The vulnerability related to deterministic prime generation and non-uniform randomness in RSA key creation within hardware cryptographic modules produced by firms such as Infineon Technologies AG and implemented across token manufacturers including Yubico, Gemalto, and NXP Semiconductors. The flaw manifested in RSA keypairs with moduli that could be factorized using specialized algorithms exploiting a small set of possible prime forms. The architecture involved components like Trusted Platform Module chips, Secure Element hardware, and firmware stacks interfacing with standards such as PKCS#11, X.509, and FIPS 140-2 validated modules. Attacks leveraged computational number theory techniques developed in research communities linked to institutions such as University of Warsaw, Masaryk University, Czech Technical University in Prague, and industrial cryptographers from companies like CWI and ENISA-affiliated teams.

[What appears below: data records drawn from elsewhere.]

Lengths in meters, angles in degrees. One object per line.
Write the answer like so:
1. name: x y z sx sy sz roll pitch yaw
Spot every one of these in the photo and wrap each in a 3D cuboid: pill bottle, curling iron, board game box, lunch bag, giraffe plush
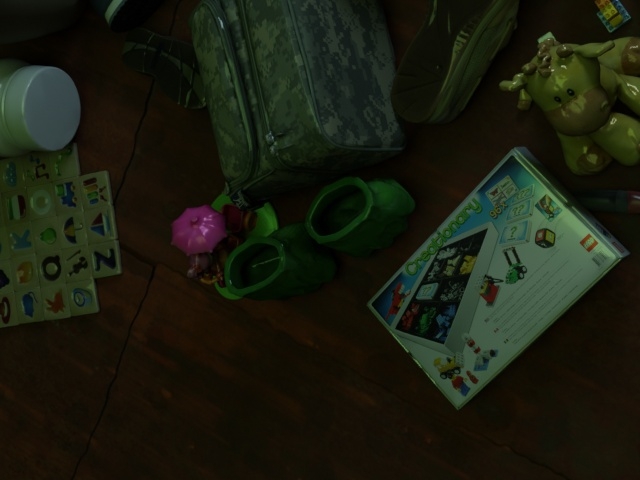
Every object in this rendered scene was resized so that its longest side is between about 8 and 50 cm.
1. pill bottle: -0.544 -0.218 1.620 0.283 0.160 0.160 6 95 25
2. curling iron: 0.389 -0.060 1.241 0.274 0.035 0.068 -4 69 31
3. board game box: 0.223 0.052 1.300 0.193 0.053 0.305 49 117 16
4. lunch bag: -0.050 -0.213 1.362 0.256 0.213 0.305 -18 83 42
5. giraffe plush: 0.313 -0.183 1.194 0.210 0.170 0.181 45 110 18

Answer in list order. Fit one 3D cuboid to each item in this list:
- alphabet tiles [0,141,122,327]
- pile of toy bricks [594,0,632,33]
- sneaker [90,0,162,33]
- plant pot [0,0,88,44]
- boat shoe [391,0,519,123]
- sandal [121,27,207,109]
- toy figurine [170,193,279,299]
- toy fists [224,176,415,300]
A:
1. alphabet tiles: -0.483 -0.005 1.683 0.343 0.011 0.285 -10 88 26
2. pile of toy bricks: 0.325 -0.351 1.218 0.118 0.105 0.212 -36 76 23
3. sneaker: -0.251 -0.468 1.493 0.319 0.112 0.131 -44 77 20
4. plant pot: -0.492 -0.406 1.523 0.257 0.274 0.256 1 93 25
5. boat shoe: 0.198 -0.285 1.279 0.109 0.098 0.302 41 116 34
6. sandal: -0.223 -0.263 1.523 0.219 0.060 0.090 29 99 37
7. toy figurine: -0.157 0.009 1.440 0.130 0.159 0.173 16 100 25
8. toy fists: 0.000 0.000 1.376 0.279 0.142 0.096 -34 64 23

Vulnerability Discovery and Impact

Researchers from groups at CWI, Masaryk University, University of Warsaw, Google Security, and independent cryptanalysts disclosed the issue, which affected RSA keys issued by vendors including Yubico, Gemalto, Infineon, and device makers such as Lenovo, HP, and Dell. The impact extended to national infrastructures in Estonia, corporate networks at Microsoft and Vodafone, and authentication services used by Amazon Web Services and Cloudflare clients that relied on affected tokens for SSH or TLS certificates. The exploit allowed adversaries to factor vulnerable RSA moduli without requiring factoring of arbitrary keys, enabling impersonation attacks against X.509 certificates, bypassing authentication in OpenSSH deployments, and undermining secure email under S/MIME. Incident responses involved disclosure coordination with organizations such as CERT-EU, US-CERT, and ENISA, and drew attention from security teams at Facebook and Twitter.

Mitigation and Prevention

Immediate mitigation steps recommended revocation of affected X.509 certificates, reissuance of keys using vendors' fixed firmware, and replacement of hardware tokens supplied by companies like Yubico and Gemalto. Longer-term prevention emphasized adherence to updated standards produced by bodies such as IETF, NIST, ISO/IEC, and testing procedures aligned with FIPS and Common Criteria certifications. Tooling updates in libraries like OpenSSL, GnuTLS, and LibreSSL provided detection scripts; integration with services from providers such as Let's Encrypt, DigiCert, and Entrust assisted certificate lifecycle management. Incident handling practices encouraged coordination with national authorities including Estonian Information System Authority and disclosure frameworks used by FIRST and OWASP.

Adoption and Legacy

The disclosure led to firmware updates by Infineon Technologies AG, product advisories from Yubico, Gemalto NV, and hardware replacements by vendors such as Lenovo and HP. The episode influenced changes in procurement policies at ministries like Ministry of Defence (United Kingdom), research agendas at institutions such as Masaryk University and CWI, and contributed to enhancements in standards bodies including IETF working groups and NIST guidance on key generation entropy. The legacy includes improved testing suites in projects like OpenSC, better supply-chain scrutiny by firms such as Cisco Systems, Siemens, and Ericsson, and increased awareness among cloud providers like Amazon Web Services, Google Cloud Platform, and Microsoft Azure regarding hardware-based cryptography risks.